The 14 steps below address all three failure categories. Skipping any one step exposes the migration to one of the failure modes.
Pre-Launch (Steps 1–7)
These seven steps run during the planning and staging phase, before launch day.
Step 1: Inventory Current URLs
Crawl the existing live site with Screaming Frog, Sitebulb, or equivalent. Export every URL the crawler discovers. Cross-reference against:
- XML sitemap entries
- Google Search Console "Performance" data (every URL that received clicks in the past 16 months)
- Google Analytics URL list (every URL that received traffic in the past 12 months)
- Backlink data from Ahrefs/Semrush (every URL that has external backlinks)
The combined inventory is the master list of URLs that must be preserved or redirected. Missing URLs in the inventory means missing redirects, which means lost authority.
Common mistake: Relying only on the XML sitemap. Sitemaps frequently miss URLs that received historical traffic — those URLs need redirects too.
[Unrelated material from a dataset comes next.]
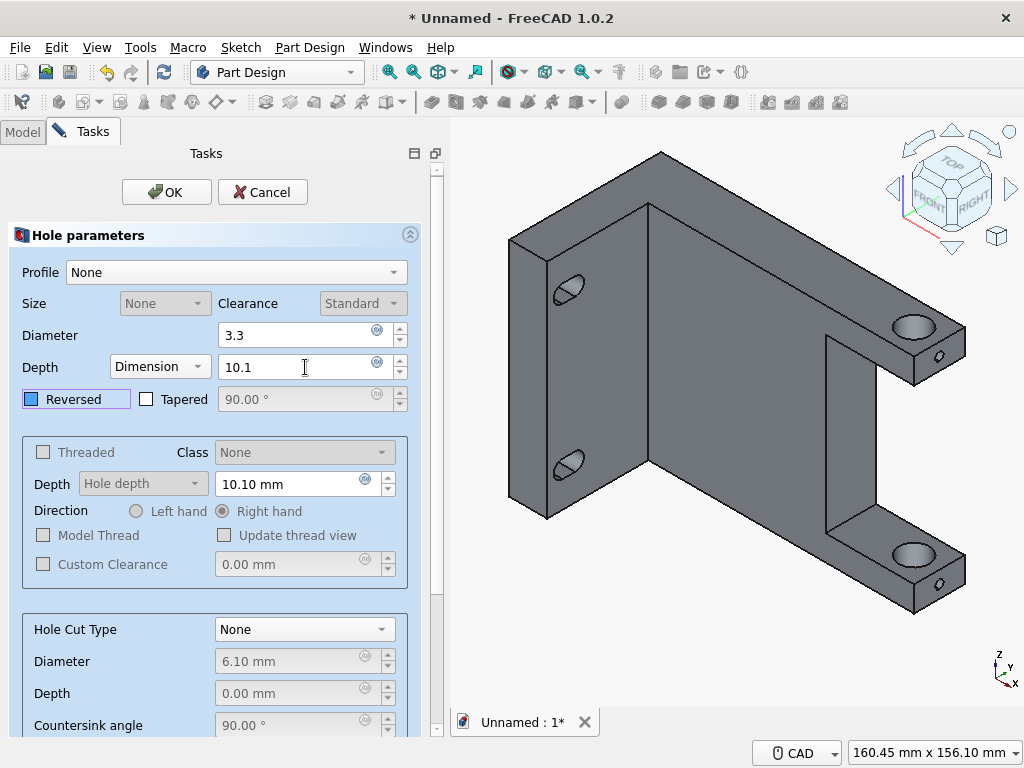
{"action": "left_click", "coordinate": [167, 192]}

Step 2: Inventory Current Rankings
Pull the current ranking position for every priority keyword from Google Search Console (last 90 days) and the SEO platform (Ahrefs, Semrush). Save as a baseline file with date stamp. After launch, compare against this baseline weekly to detect regressions.
Without a pre-migration baseline, regression detection becomes guesswork. The baseline is non-negotiable.
Step 3: Crawl the Staging Site
Crawl the staging site with the same tool used in Step 1. Look for:
- 404s on URLs the redirect map should preserve
- Missing or incorrect canonical tags
- Missing meta descriptions or duplicate titles
- Broken internal links
- Missing schema markup
- Pages with
noindextags that shouldn't have them - Pages without
noindextags that should have them (e.g., search result pages, filtered category pages)
Export the staging crawl. The diff between old and new is the work the team needs to fix before launch.
Step 4: Build the Redirect Map
For every URL in the Step 1 inventory, define the destination URL on the new site. The result is a CSV with two columns: old_url, new_url. Cases to handle explicitly:
- Direct mapping: old URL maps to a new URL with same content. Simple 301.
- Consolidation: multiple old URLs map to one new URL (when content was merged). 301 each old URL to the consolidated URL.
- Removal: old URL has no equivalent because content was retired. 301 to the most relevant parent category page or topic hub. Avoid 404s for any URL with backlinks or historical traffic.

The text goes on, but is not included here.